I suppose there's more to us all than just facts on a spreadsheet or attributes printed in a specially-bound commemorative book celebrating the class of 2015. I hope so anyway. Coming from an all-boys boarding school in the south of England, the world's honours college was always going to be different, but of course it's also reassuringly similar. Thankfully all the male posturing of the first few days wasn't wholly homoerotic this time, and at least jokes about my own social inadequacies become self-contradictory when girls laugh at them. Sort of. Socialising aside, the kayaking trip through the mangroves at half past six in the a.m. was a nice wake-up to the fact that I wasn't going to university in London town, though I suppose the complete absence of a world outside my little ivory tower/fishbowl has also been a rising sensation. Not that I'm complaining.

Sorry. Back now. Just went to listen to 'The Boy In The Bubble' by Paul Simon. ('These are the days of miracle and wonder / This is the long-distance call ...' ) Most of the music we were exposed to during that first week was all terrible dance music, as seems to be par for the course for organised parties. We were all shipped off to the Hilton for the night and left to steam for a few hours on a rather wet dancefloor. We'd been warned by the current sophomores that the Hilton dance party was a night in which relationships were born and friendships cemented; tongues were waggling for hours during and afterwards. We enjoyed (?) no such shenanigans, but it was a possible high point in the absurdity of our welcoming week. Throw in Ikea and Ferrariworld and you've got freshers' week, Abu Dhabi-style. 

Now how about university academics AD-style. Try a four-day week, with an eight-hour working day on a Sunday and a four-hour Tuesday morning class that starts at 8:15. Elementary Arabic carries a heavy workload, and I do happen to be taking two of the most notoriously intense classes this institution has to offer. One's taught by the university's president, and for the other I've already read the Song of Songs in various translations, The Upanishads, and listened to three hours of Radiohead. When people come into the room and I'm sitting in the dark drinking water out of an unfortunately shaped glass bottle listening to Thom Yorke wail, they do form a certain opinion. It's working well for the flawed tragicomic image. 
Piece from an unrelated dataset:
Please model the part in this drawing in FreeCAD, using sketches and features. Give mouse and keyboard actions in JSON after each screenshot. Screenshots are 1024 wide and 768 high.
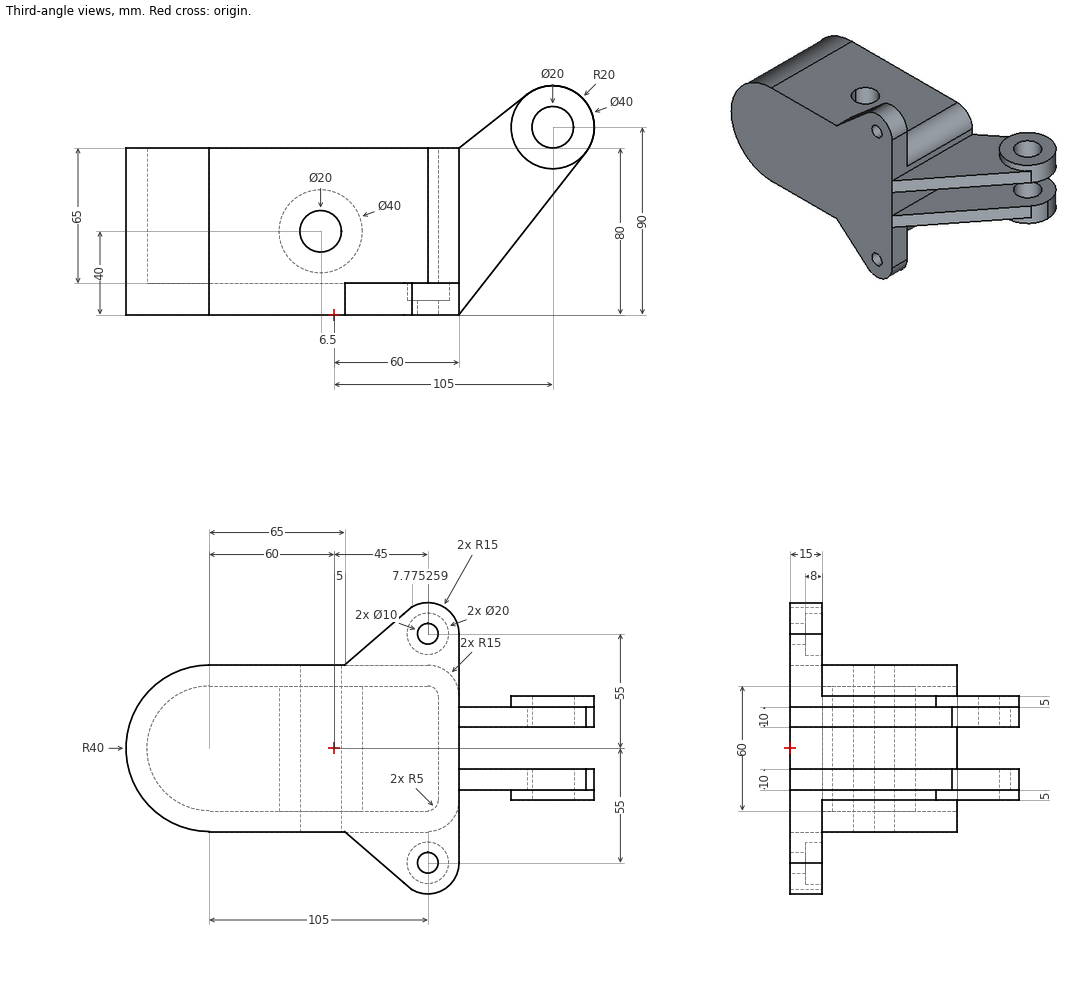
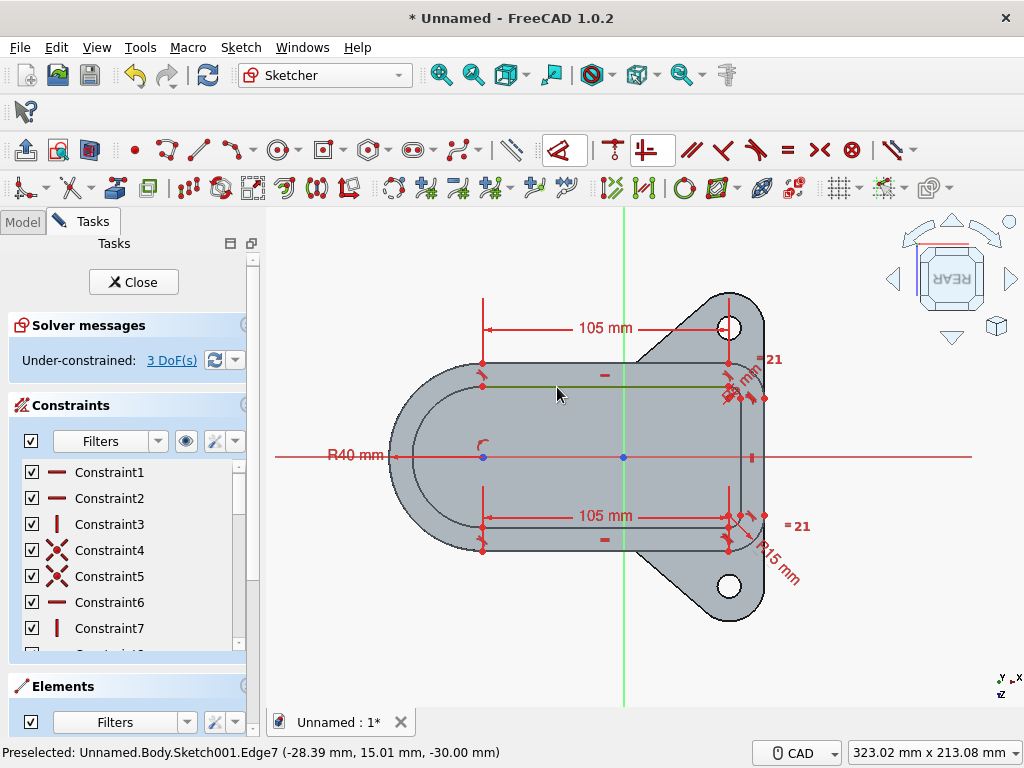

And then there was a fire. Unfortunately I'd already drunk all my water, so I couldn't rush up the thirty-odd floors between where I live and where the smoke was coming from, but I did rush down the eight between our flat and the lobby after realising that the whole system wasn't just going haywire and that we shouldn't be playing laser-tag in the corridors. So yes, we did see the beginning of September 11th standing outside in a parking lot watching our American university's tower block burn in an Arab country. What of it? We sweated it out for an hour or so outside before heading down to the campus and sitting rather damply for a few hours having looted the cafe and found the most comfortable sofas. Turns out that no matter how many Tic-Tacs you eat one night, they'll never be an alternative to toothpaste. Especially not at four in the morning.
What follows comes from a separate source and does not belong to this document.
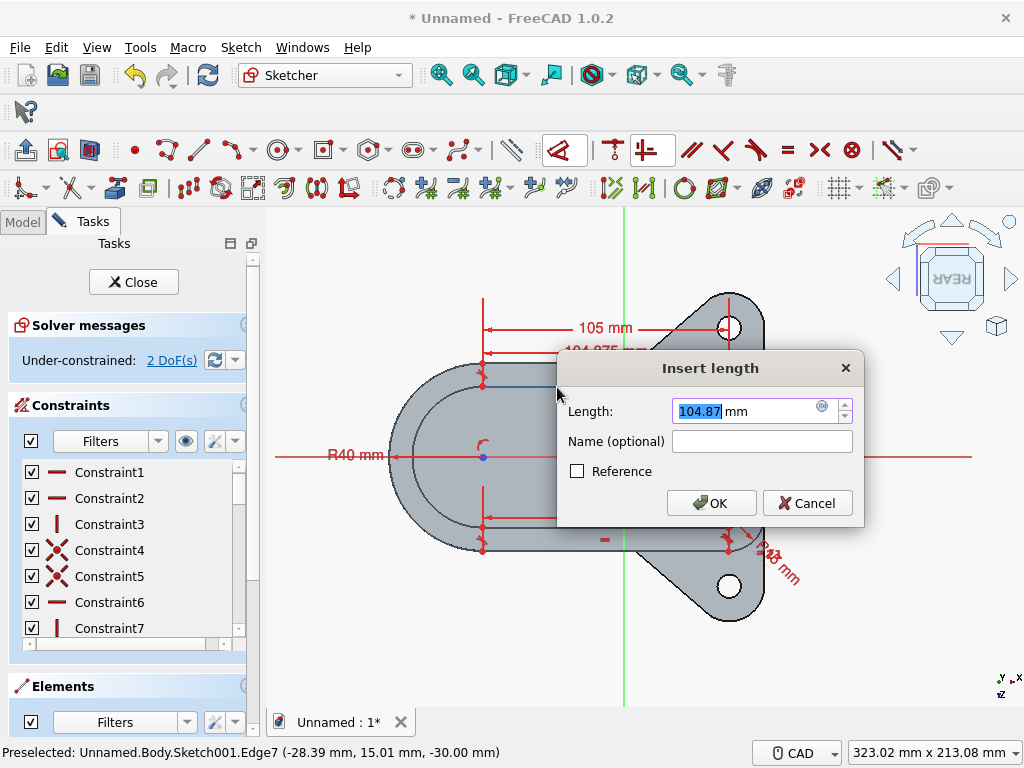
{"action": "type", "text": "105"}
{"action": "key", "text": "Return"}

With no classes the day after - giving me a four-day weekend, if anyone's counting - I even found time to go to the gym after I'd finished reading the US Constitution. The treadmills in Japan have nothing on these machines. All decked out in glorious purple, our colour of choice, full colour screens and the option to plug your iPod into the treadmill itself for ease of use... I'm already smitten. No existential crises as yet (see below), but no doubt we'll have them before long. Even already worked out rotas as to who is allowed to go to the gym at when, because no-one wants to watch my masochistic adventures with the free weights. Pretty much covered the blog's standards by now - crippling insecurities, reference to global news, gym sessions, awkward (pop) culture references, and terrible wordplay. I suppose all that's left is the meaningful sign-off. (See? This is meta-blogging.)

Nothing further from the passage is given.